A battle is brewing in Provo, Utah, over a highly successful football coach and whether any restrictions can be placed upon him. After months of complaints and counter disputes surrounding the fundraising efforts of Provo (Utah) Timpview High football coach Louis Wong, longtime Provo superintendent Dr. Randall Merrill resigned on Tuesday, leading some to believe that he was departing to get away from the kerfuffle that has emerged over the issue.
It will be hard convincing Timpview supporters and detractors that the superintendent is leaving to pursue other opportunities, as he claims, particularly after all the prior debate that has surrounded the program. At the heart of the matter, Wong's supporters claim, is a sense that Timpview is being penalized for being too successful in a brazen attempt to institute limits on a school's growing football booster program.
Here's how everything unfolded in fairly accurate chronological order (as far as Prep Rally can tell):
First, Provo superintendent Merrill asked Utah state authorities to audit Timpview High's activities budget. The call for an audit followed the installation of a new field and what the Deseret News calls an "impressive new weight room facility," all of which was allegedly built using funds which the Timpview football program and its booster club raised on their own, with all funding initiatives having been researched by a community committee that had thoroughly combed through all fundraising guidelines for Utah and other western public schools.
With speculation about the school's activities budget running rampant, the Provo school district instituted a new set of fundraising guidelines for all schools, a move which was seen -- perhaps rightfully so -- as a direct critique of Wong's program.
In turn, that very perception of district criticism of Wong and Timpview in general led to a psuedo battle royale between Wong and Timpview supporters and the Provo school board itself, with tensions finally coming to a near-head at a school board meeting and a closed-door talk between Wong and Timpview principal Dr. Todd McKee in mid-December.
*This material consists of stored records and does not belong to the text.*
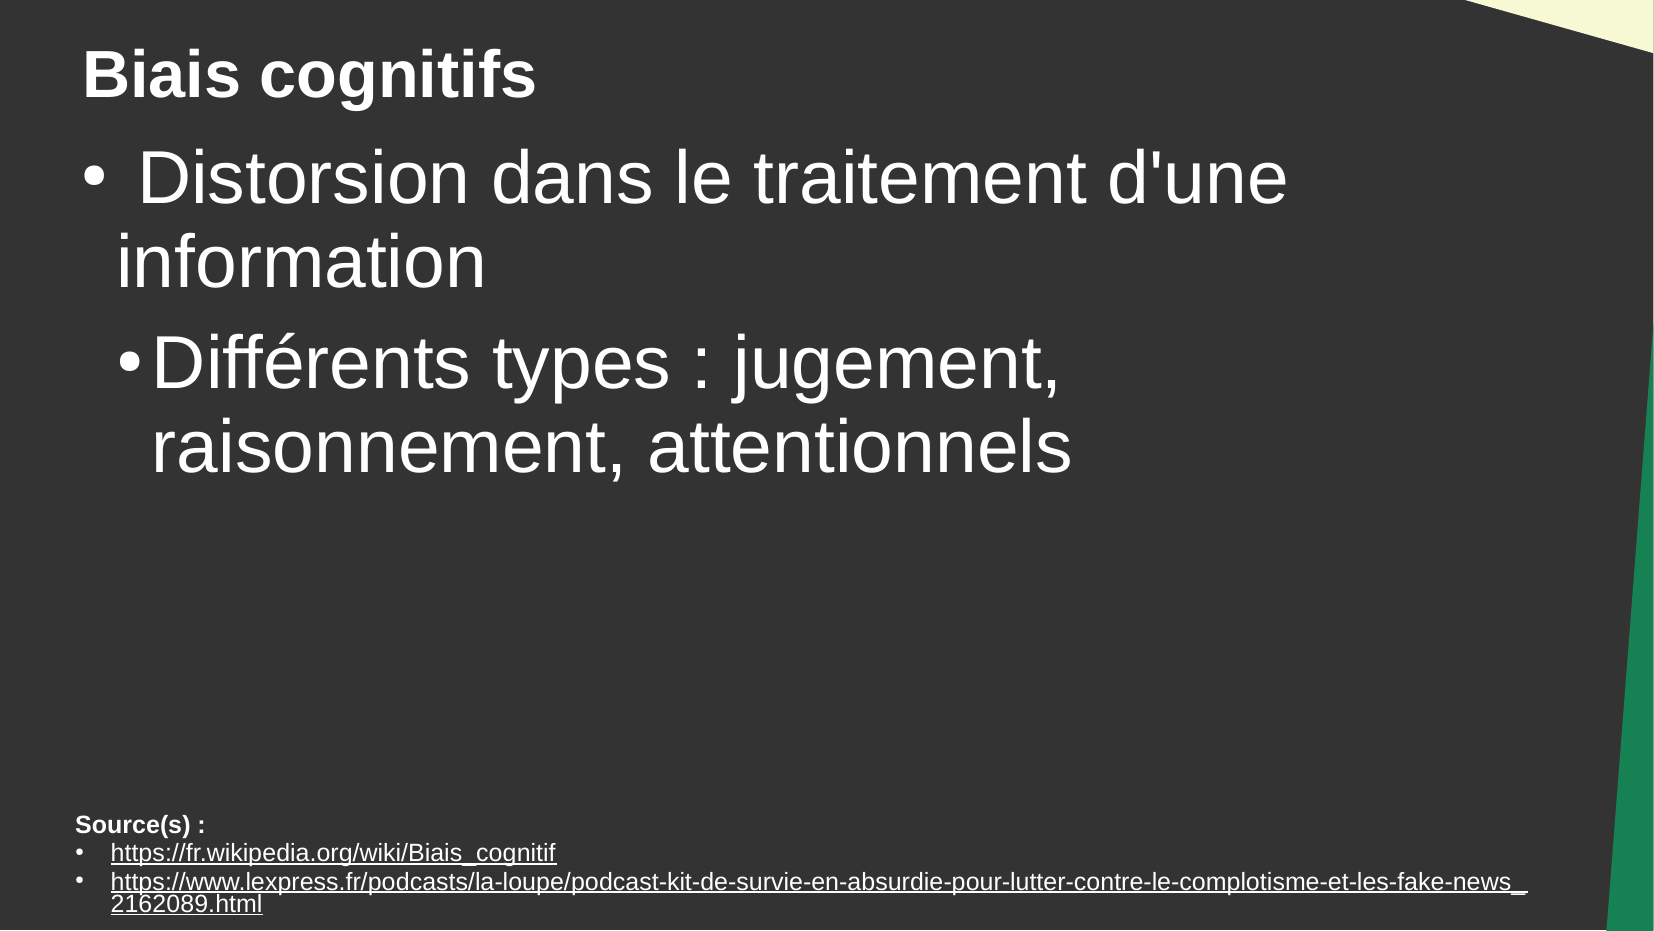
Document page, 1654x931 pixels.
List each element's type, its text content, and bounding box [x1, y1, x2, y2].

text_box [1465, 0, 1654, 54]
text_box Source(s) : https://fr.wikipedia.org/wiki/Biais_cognitif https://www.lexpress.fr/podcasts/la-loupe/podcast-kit-de-survie-en-absurdie-pour-lutter-contre-le-complotisme-et-les-fake-news_2162089.html [60, 803, 1546, 931]
text_box [1606, 315, 1654, 931]
title Biais cognitifs [82, 37, 1571, 122]
list Distorsion dans le traitement d'une information Différents types : jugement, raisonnement, attentionnels [80, 135, 1560, 762]
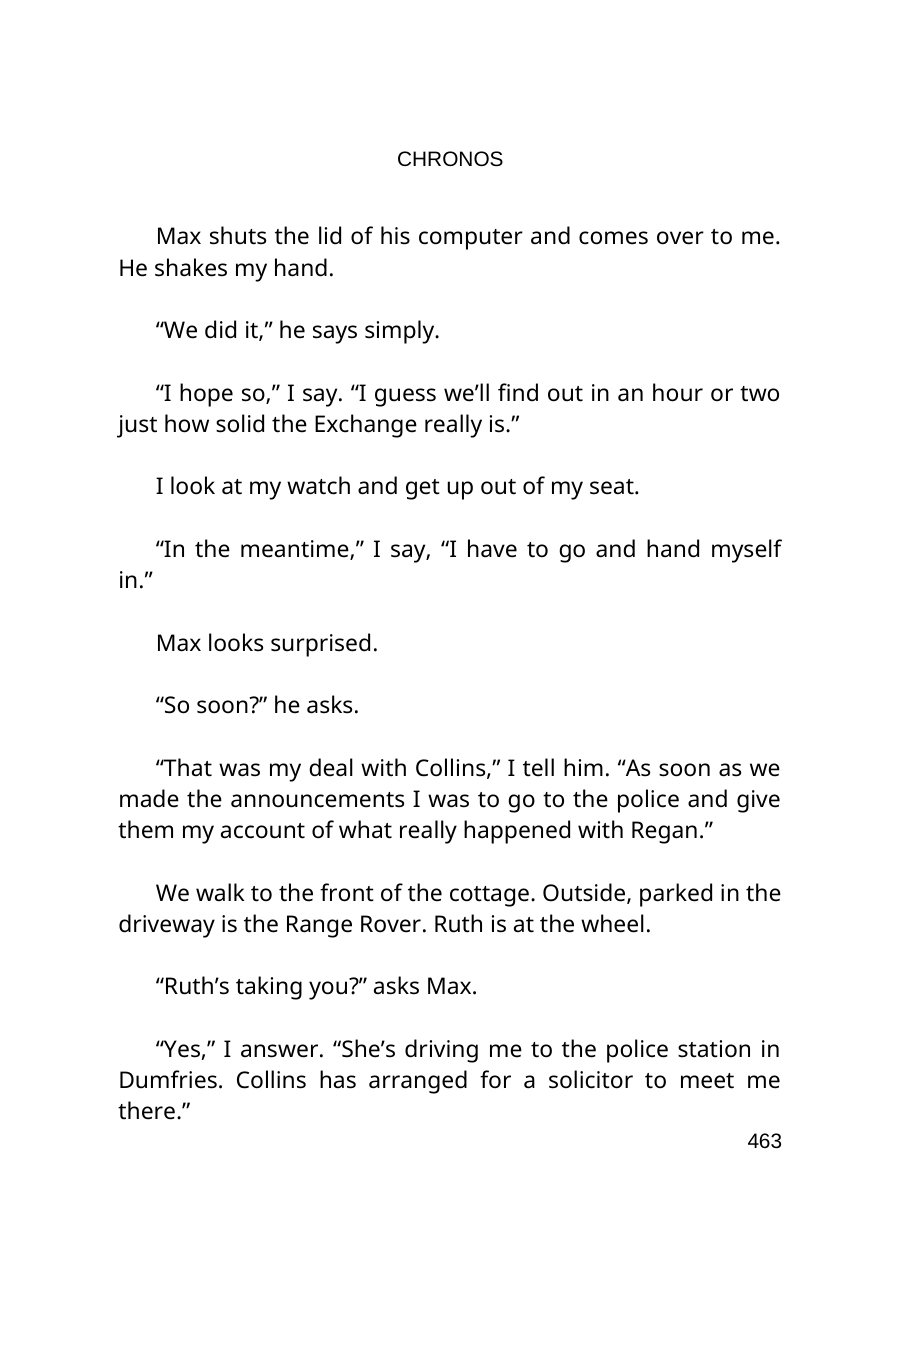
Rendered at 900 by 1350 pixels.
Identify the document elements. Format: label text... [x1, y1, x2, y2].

text “That was my deal with Collins,” I tell him. “As soon as we made the announcements I was to go to the police and give them my account of what really happened with Regan.” [118, 751, 782, 845]
text “Ruth’s taking you?” asks Max. [118, 970, 782, 1001]
text “I hope so,” I say. “I guess we’ll find out in an hour or two just how solid the Exchange really is.” [118, 376, 782, 439]
text I look at my watch and get up out of my seat. [118, 470, 782, 501]
text We walk to the front of the cottage. Outside, parked in the driveway is the Range Rover. Ruth is at the wheel. [118, 876, 782, 939]
text Max shuts the lid of his computer and comes over to me. He shakes my hand. [118, 220, 782, 283]
text “So soon?” he asks. [118, 689, 782, 720]
text Max looks surprised. [118, 626, 782, 658]
text “Yes,” I answer. “She’s driving me to the police station in Dumfries. Collins has arranged for a solicitor to meet me there.” [118, 1033, 782, 1126]
text “We did it,” he says simply. [118, 314, 782, 345]
text “In the meantime,” I say, “I have to go and hand myself in.” [118, 533, 782, 595]
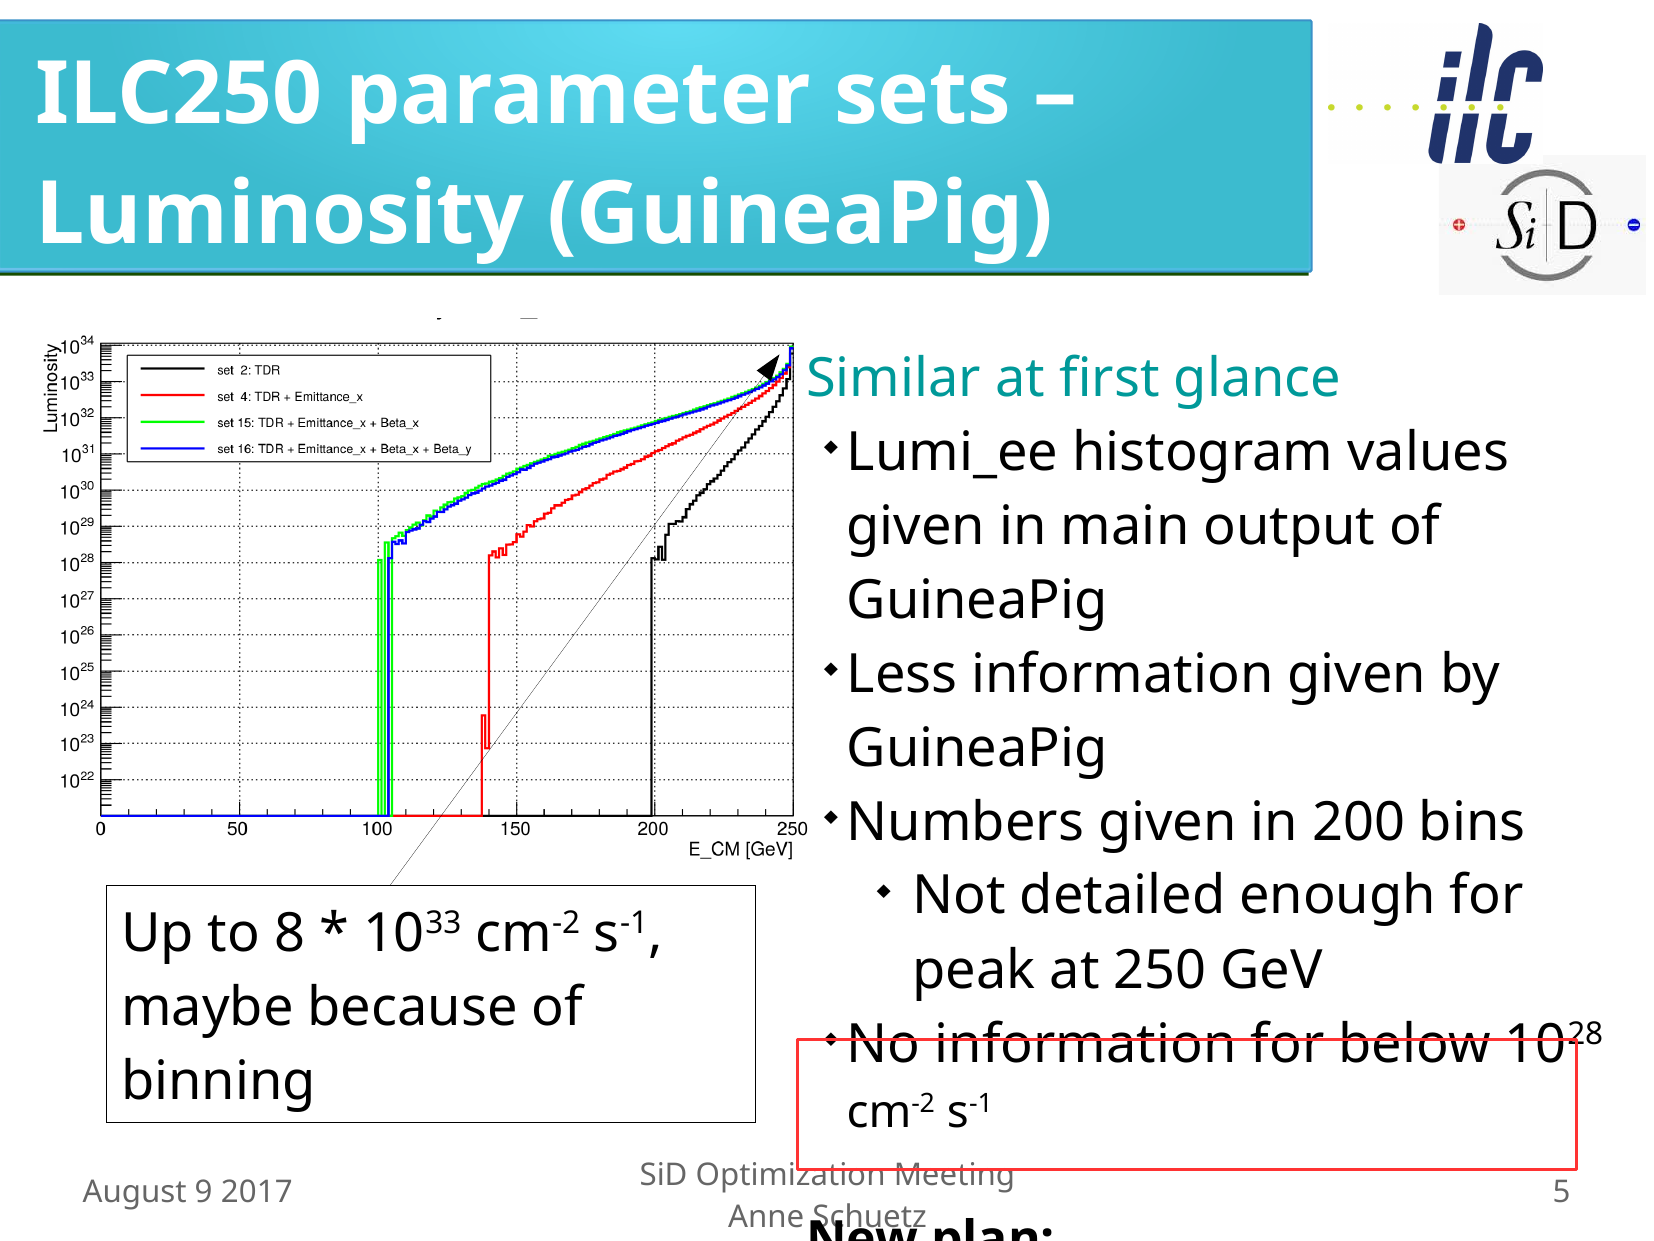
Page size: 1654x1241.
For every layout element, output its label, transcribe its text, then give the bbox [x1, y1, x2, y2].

text_box Similar at first glance Lumi_ee histogram values given in main output of GuineaPig Less information given by GuineaPig Numbers given in 200 bins Not detailed enough for peak at 250 GeV No information for below 1028 cm-2 s-1 New plan: Plot luminosity from lumi_ee.dat file [791, 330, 1654, 1182]
title ILC250 parameter sets – Luminosity (GuineaPig) [35, 23, 1235, 276]
picture [34, 318, 815, 863]
picture [1328, 23, 1646, 295]
text_box Up to 8 * 1033 cm-2 s-1, maybe because of binning [106, 885, 756, 1058]

After that meeting between principal and coach, McKee declared that Timpview was committed to keeping the coach at the school. Put together that comment and Tuesday's departure of Merrill, and it appears that in essence, the Provo superintendent who was pushing the fundraising reforms may have blinked first.
"I'm not clear on what happened as far as things that happened that were out of my control," Wong told the Deseret News at the mid-December school board meeting. "I've always done what I've always done … I was left on my own. I feel we've done things the right way."
Merrill spoke to just how disruptive the fundraising uproar has been to the Provo district as a whole, and alluded to the fact that it played a role in his departure.
"When you heard people tonight speak, and they talk about a process that becomes disruptive, no leader would ever not recognize that anything that's disruptive for the school district is not good for us," Merrill said in a Tuesday board meeting. "And so I certainly recognized that this was becoming more and more divisive, I think I had to have this desire to do other things, and with that desire, and with opportunity that actually has come up this week. It made it really easy for me to chase those opportunities."
Whether Merrill's departure will alter the possible adjustments in proposed changes to fundraising for the four-time state champions remains to be seen, but one thing is certain: Wong is still in place and the man who initially pushed to investigate the fundraising efforts of his program is not.